Content starts

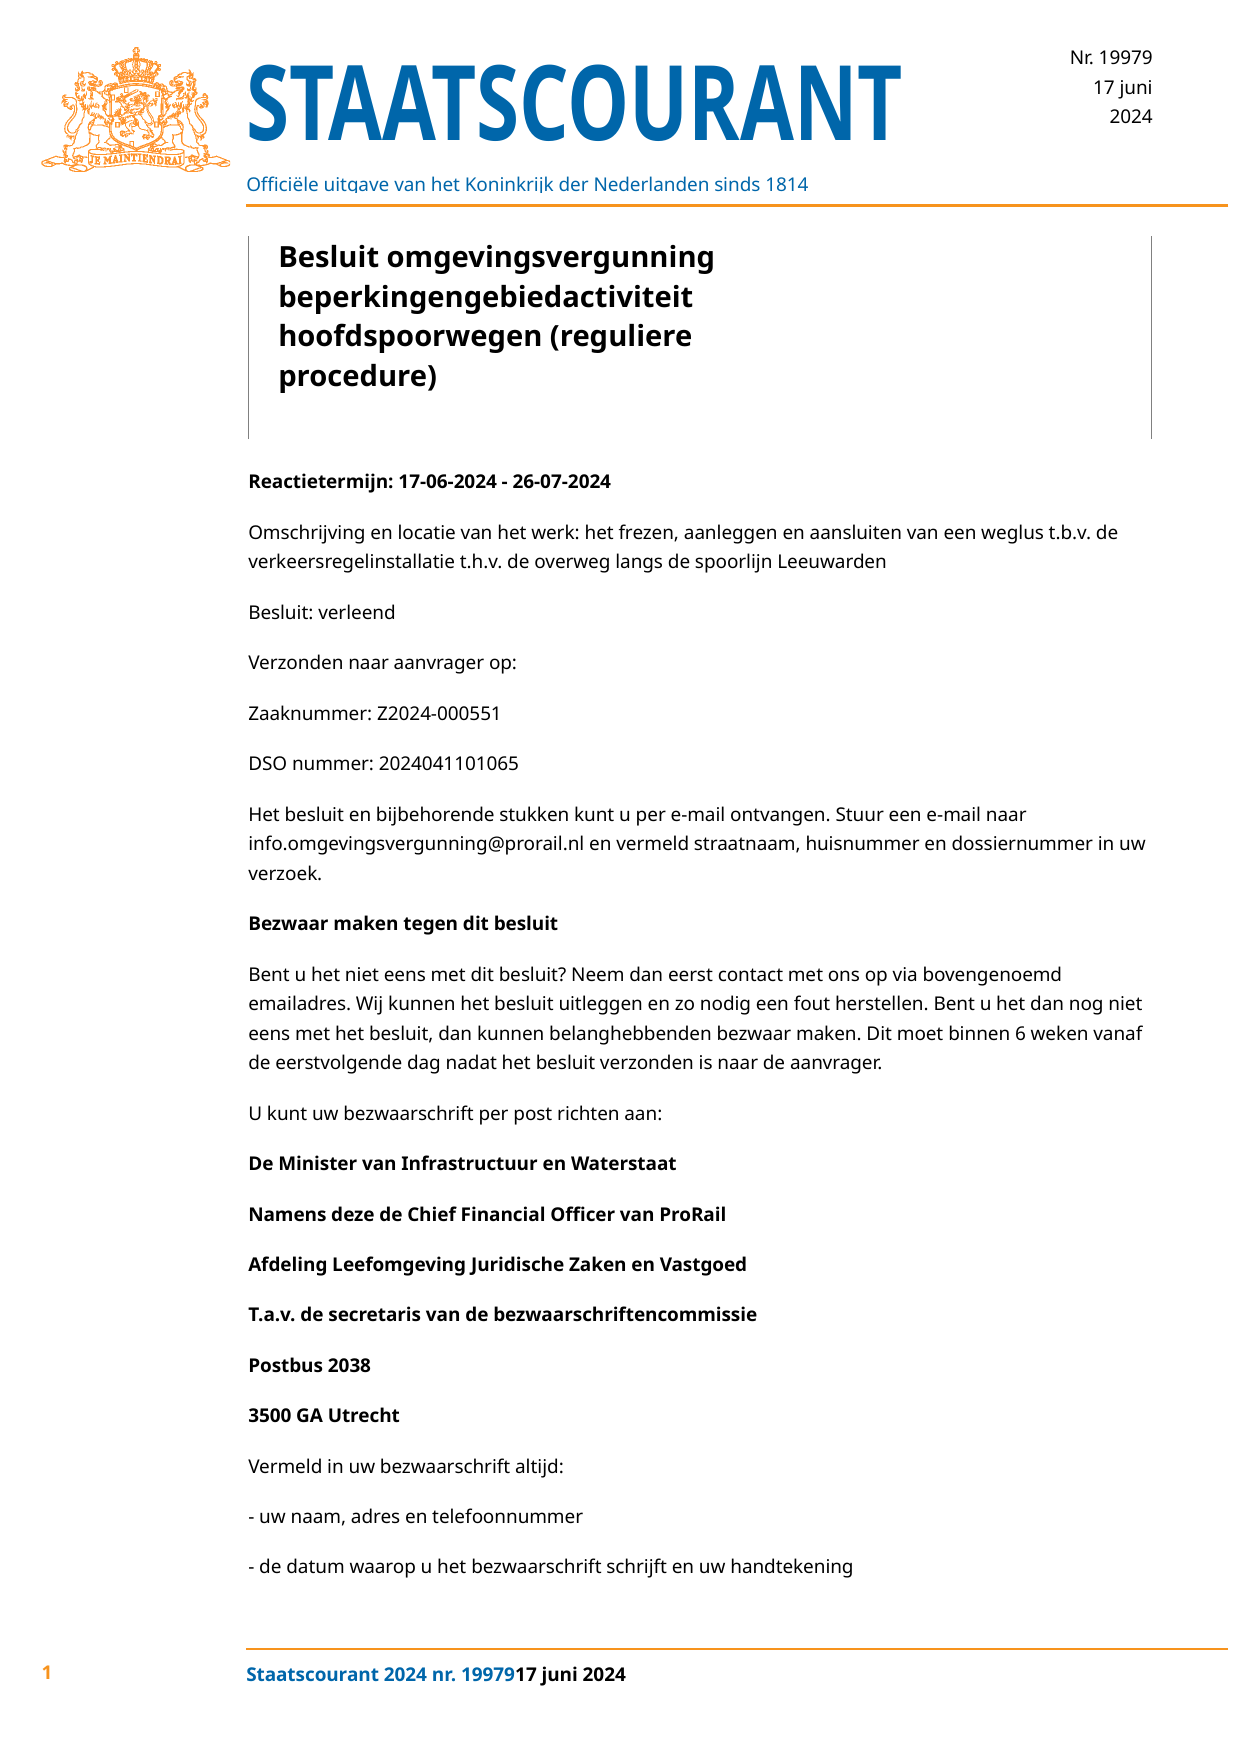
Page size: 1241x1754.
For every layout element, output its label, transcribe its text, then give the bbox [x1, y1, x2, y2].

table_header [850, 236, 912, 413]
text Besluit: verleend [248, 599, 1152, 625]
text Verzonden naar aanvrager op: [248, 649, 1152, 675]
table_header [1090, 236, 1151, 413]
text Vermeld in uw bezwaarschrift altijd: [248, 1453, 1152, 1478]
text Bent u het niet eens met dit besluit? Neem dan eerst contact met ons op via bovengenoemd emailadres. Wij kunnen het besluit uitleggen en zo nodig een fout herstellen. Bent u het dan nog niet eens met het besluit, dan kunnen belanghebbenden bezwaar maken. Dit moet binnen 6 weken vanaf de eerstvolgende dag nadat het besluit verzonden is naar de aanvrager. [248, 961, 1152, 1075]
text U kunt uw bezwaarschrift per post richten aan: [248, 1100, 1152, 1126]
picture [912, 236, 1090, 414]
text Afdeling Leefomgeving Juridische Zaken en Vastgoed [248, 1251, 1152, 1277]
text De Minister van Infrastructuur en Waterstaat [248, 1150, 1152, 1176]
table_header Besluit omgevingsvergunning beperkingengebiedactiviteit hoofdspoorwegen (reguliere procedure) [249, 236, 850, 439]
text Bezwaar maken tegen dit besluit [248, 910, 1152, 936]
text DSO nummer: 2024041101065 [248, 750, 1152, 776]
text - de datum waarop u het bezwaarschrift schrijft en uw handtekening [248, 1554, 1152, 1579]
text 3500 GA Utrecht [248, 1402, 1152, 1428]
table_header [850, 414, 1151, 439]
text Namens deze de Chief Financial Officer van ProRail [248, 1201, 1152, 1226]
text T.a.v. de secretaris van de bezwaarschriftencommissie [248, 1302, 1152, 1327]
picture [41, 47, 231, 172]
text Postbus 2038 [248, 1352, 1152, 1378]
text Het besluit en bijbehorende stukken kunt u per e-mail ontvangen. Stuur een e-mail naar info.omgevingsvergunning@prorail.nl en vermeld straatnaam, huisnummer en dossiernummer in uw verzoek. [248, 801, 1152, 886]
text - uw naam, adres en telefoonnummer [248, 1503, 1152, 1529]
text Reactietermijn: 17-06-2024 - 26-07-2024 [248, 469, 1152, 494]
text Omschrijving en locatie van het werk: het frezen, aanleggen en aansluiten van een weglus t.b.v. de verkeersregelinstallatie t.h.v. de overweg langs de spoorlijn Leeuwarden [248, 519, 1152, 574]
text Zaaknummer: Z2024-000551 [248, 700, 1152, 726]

Content ends

• [TASK]
Using the entries above, return each line in which the word "naar" occurs.

• [RESPONSE AREA]
text Verzonden naar aanvrager op: [248, 649, 1152, 675]
text Bent u het niet eens met dit besluit? Neem dan eerst contact met ons op via bovengenoemd emailadres. Wij kunnen het besluit uitleggen en zo nodig een fout herstellen. Bent u het dan nog niet eens met het besluit, dan kunnen belanghebbenden bezwaar maken. Dit moet binnen 6 weken vanaf de eerstvolgende dag nadat het besluit verzonden is naar de aanvrager. [248, 961, 1152, 1075]
text Het besluit en bijbehorende stukken kunt u per e-mail ontvangen. Stuur een e-mail naar info.omgevingsvergunning@prorail.nl en vermeld straatnaam, huisnummer en dossiernummer in uw verzoek. [248, 801, 1152, 886]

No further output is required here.